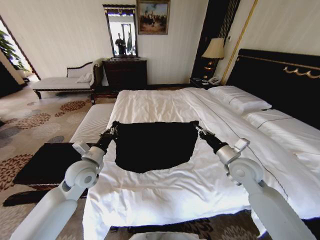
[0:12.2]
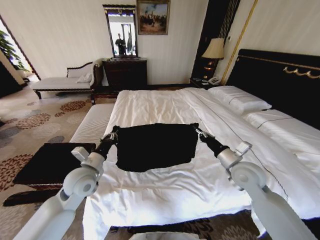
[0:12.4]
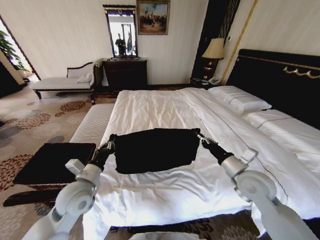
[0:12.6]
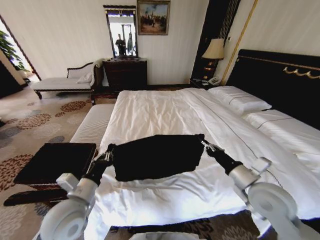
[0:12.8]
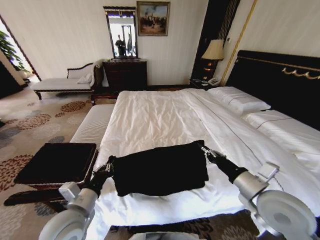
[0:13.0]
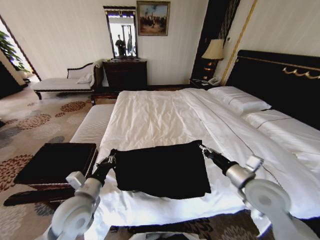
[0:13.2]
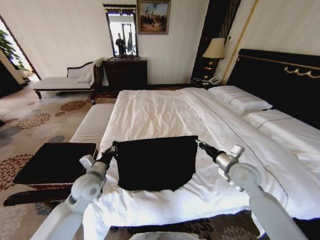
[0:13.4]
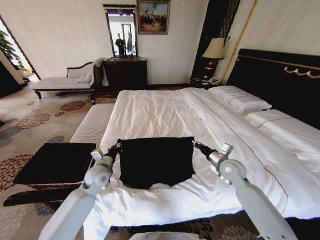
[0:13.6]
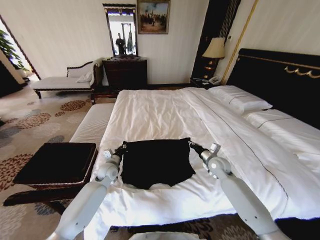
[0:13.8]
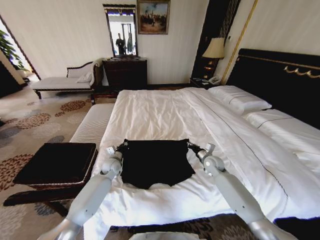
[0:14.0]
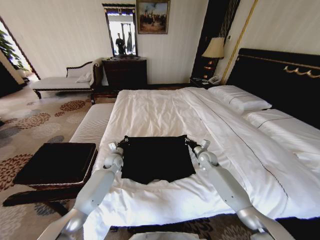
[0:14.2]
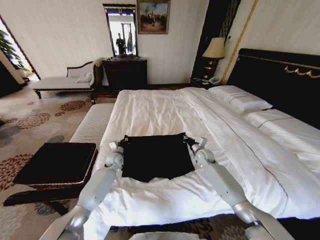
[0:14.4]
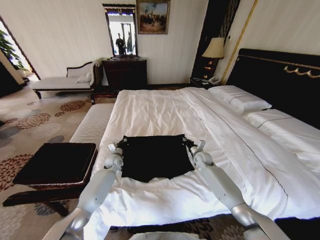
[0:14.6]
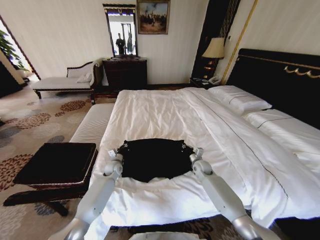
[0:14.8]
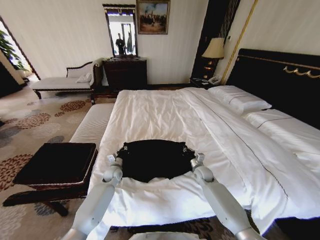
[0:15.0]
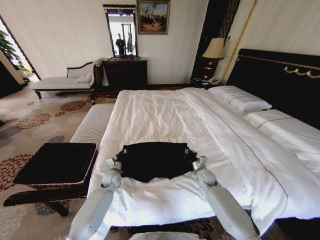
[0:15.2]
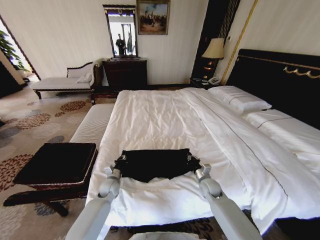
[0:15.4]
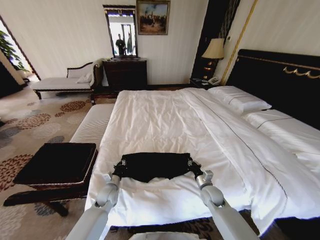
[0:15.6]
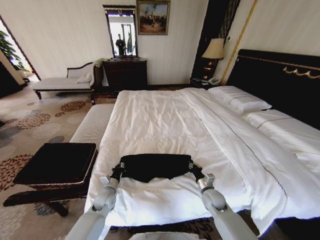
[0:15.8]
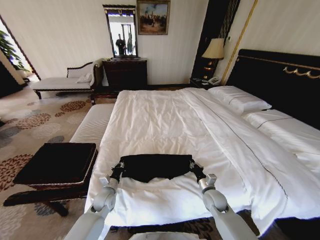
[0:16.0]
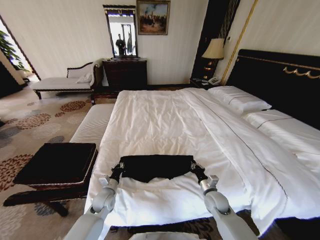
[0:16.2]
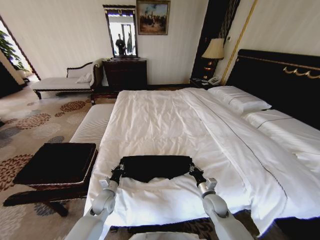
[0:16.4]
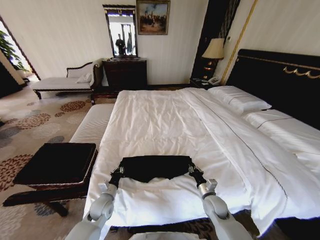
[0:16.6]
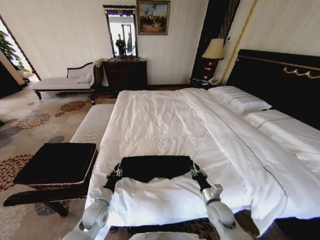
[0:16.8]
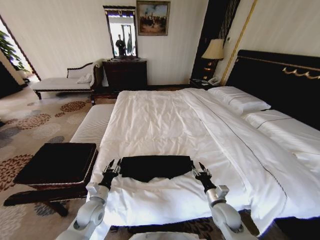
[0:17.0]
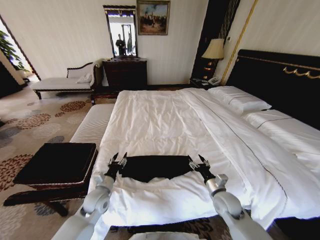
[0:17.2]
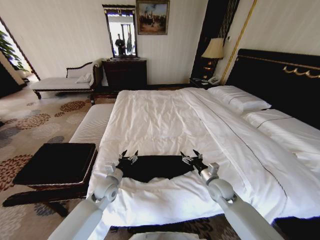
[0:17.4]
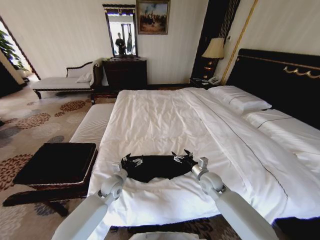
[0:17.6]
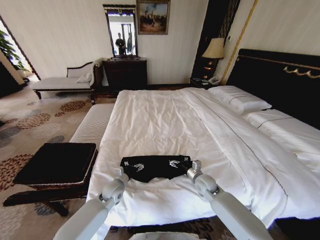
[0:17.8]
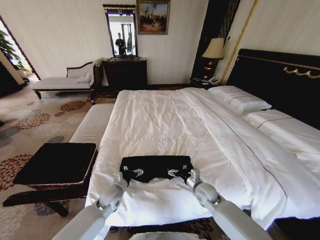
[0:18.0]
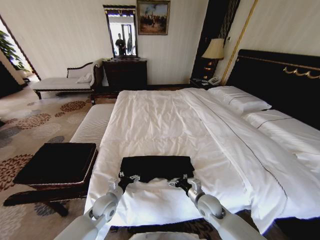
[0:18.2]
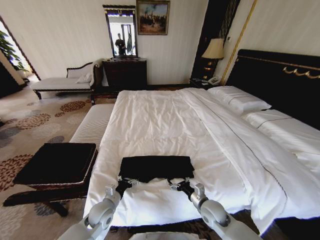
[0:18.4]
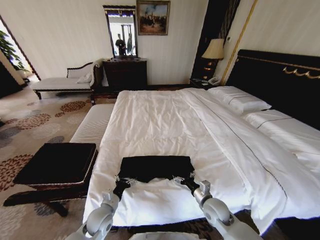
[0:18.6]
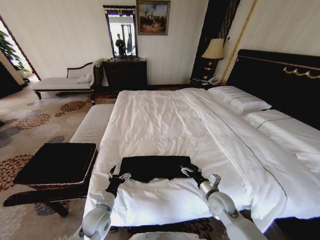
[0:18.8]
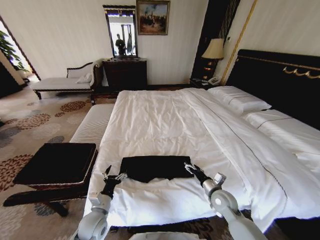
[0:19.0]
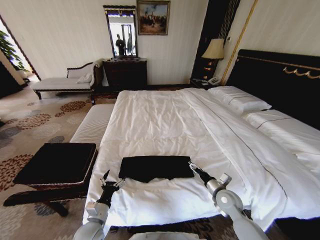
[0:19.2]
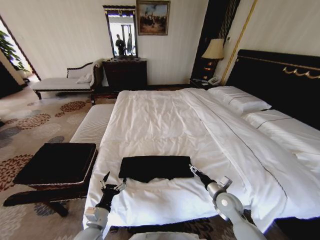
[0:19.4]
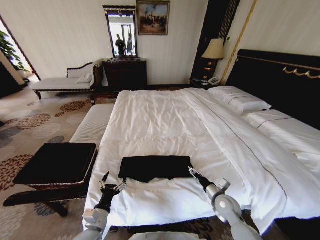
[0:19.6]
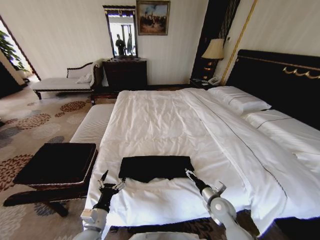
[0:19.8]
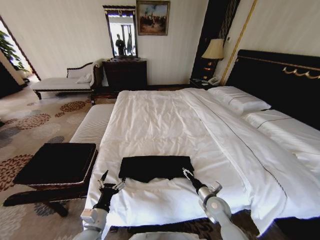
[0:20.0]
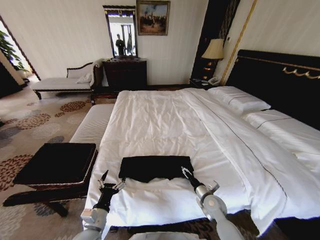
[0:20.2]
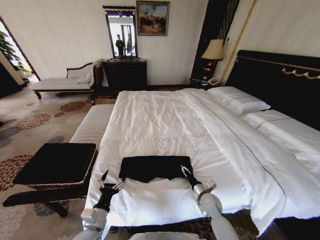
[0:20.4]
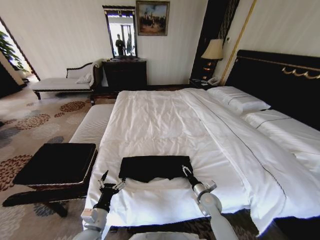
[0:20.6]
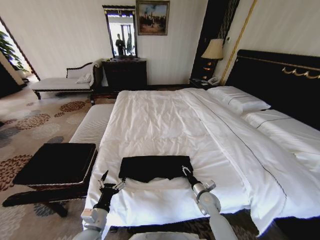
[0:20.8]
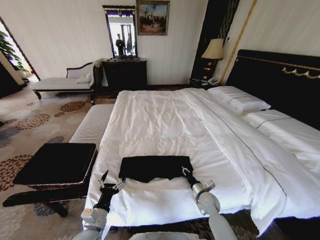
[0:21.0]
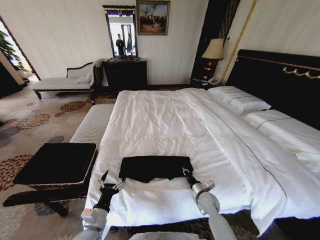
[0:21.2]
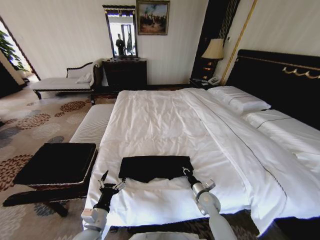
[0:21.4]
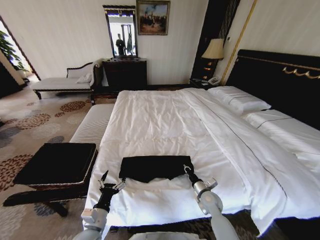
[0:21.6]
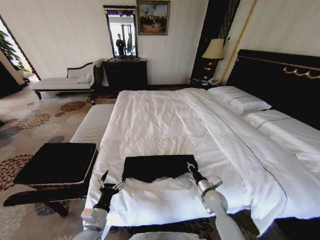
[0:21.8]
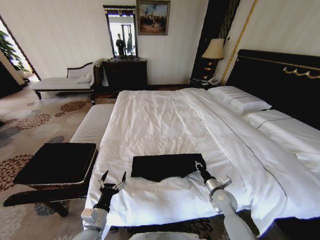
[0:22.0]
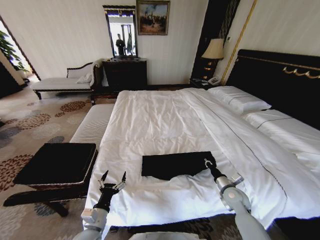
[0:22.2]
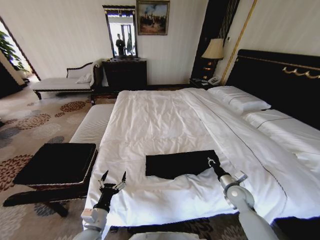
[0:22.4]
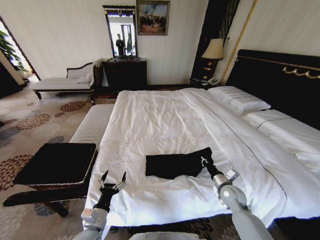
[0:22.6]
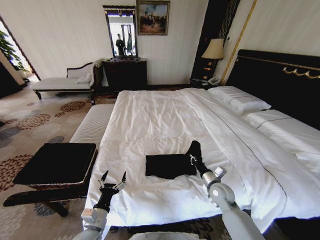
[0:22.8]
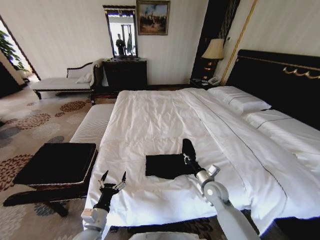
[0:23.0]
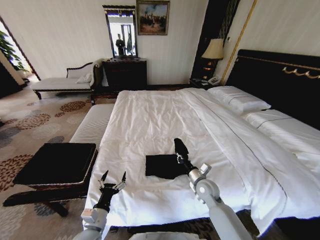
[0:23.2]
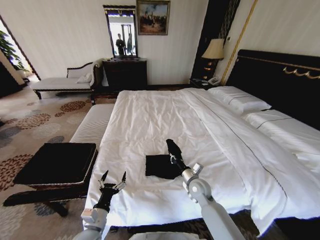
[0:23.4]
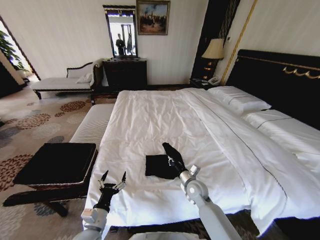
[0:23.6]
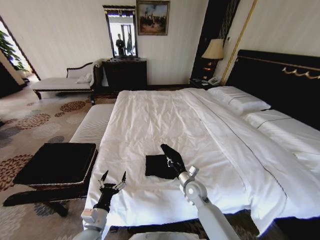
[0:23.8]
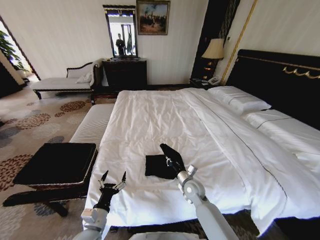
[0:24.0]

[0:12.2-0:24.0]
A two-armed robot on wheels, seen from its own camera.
Task of the whole recording: Fold the clothes on the bed and place them into the basket.
0:12.2 to 0:13.6: Both grippers travel together downward, approximately 10 cm. The right gripper moves roughly 15 cm backward and comes back. The left gripper goes backward and returns, about 15 cm each way.
0:13.6 to 0:15.2: Both grippers move downward, roughly 15 cm. The left gripper travels forward and back again, about 15 cm each way.
0:15.2 to 0:16.6: Both grippers travel together backward, roughly 10 cm.
0:16.6 to 0:18.2: The left gripper reaches about 5 cm forward, then returns, and opens, while the right gripper moves forward and backward over about 15 cm, changing direction 2 times, and opens.
0:18.2 to 0:19.6: The right gripper heads to the right, covering some 10 cm, while the left gripper heads backward, covering some 10 cm.
0:19.6 to 0:21.0: The right gripper travels downward by some 5 cm, and closes.
0:21.0 to 0:22.6: The right gripper goes roughly 10 cm to the right and upward.
0:22.6 to 0:24.0: The right gripper heads to the left, covering about 15 cm.
________________________
**ACTIVITY**
Transcribe the material exactly, keeping every word and none of the pictures.

**ANSWER TO THE PROBLEM**
[0:12.2]
[0:12.4]
[0:12.6]
[0:12.8]
[0:13.0]
[0:13.2]
[0:13.4]
[0:13.6]
[0:13.8]
[0:14.0]
[0:14.2]
[0:14.4]
[0:14.6]
[0:14.8]
[0:15.0]
[0:15.2]
[0:15.4]
[0:15.6]
[0:15.8]
[0:16.0]
[0:16.2]
[0:16.4]
[0:16.6]
[0:16.8]
[0:17.0]
[0:17.2]
[0:17.4]
[0:17.6]
[0:17.8]
[0:18.0]
[0:18.2]
[0:18.4]
[0:18.6]
[0:18.8]
[0:19.0]
[0:19.2]
[0:19.4]
[0:19.6]
[0:19.8]
[0:20.0]
[0:20.2]
[0:20.4]
[0:20.6]
[0:20.8]
[0:21.0]
[0:21.2]
[0:21.4]
[0:21.6]
[0:21.8]
[0:22.0]
[0:22.2]
[0:22.4]
[0:22.6]
[0:22.8]
[0:23.0]
[0:23.2]
[0:23.4]
[0:23.6]
[0:23.8]
[0:24.0]

[0:12.2-0:24.0]
A two-armed robot on wheels, seen from its own camera.
Task of the whole recording: Fold the clothes on the bed and place them into the basket.
0:12.2 to 0:13.6: Both grippers travel together downward, approximately 10 cm. The right gripper moves roughly 15 cm backward and comes back. The left gripper goes backward and returns, about 15 cm each way.
0:13.6 to 0:15.2: Both grippers move downward, roughly 15 cm. The left gripper travels forward and back again, about 15 cm each way.
0:15.2 to 0:16.6: Both grippers travel together backward, roughly 10 cm.
0:16.6 to 0:18.2: The left gripper reaches about 5 cm forward, then returns, and opens, while the right gripper moves forward and backward over about 15 cm, changing direction 2 times, and opens.
0:18.2 to 0:19.6: The right gripper heads to the right, covering some 10 cm, while the left gripper heads backward, covering some 10 cm.
0:19.6 to 0:21.0: The right gripper travels downward by some 5 cm, and closes.
0:21.0 to 0:22.6: The right gripper goes roughly 10 cm to the right and upward.
0:22.6 to 0:24.0: The right gripper heads to the left, covering about 15 cm.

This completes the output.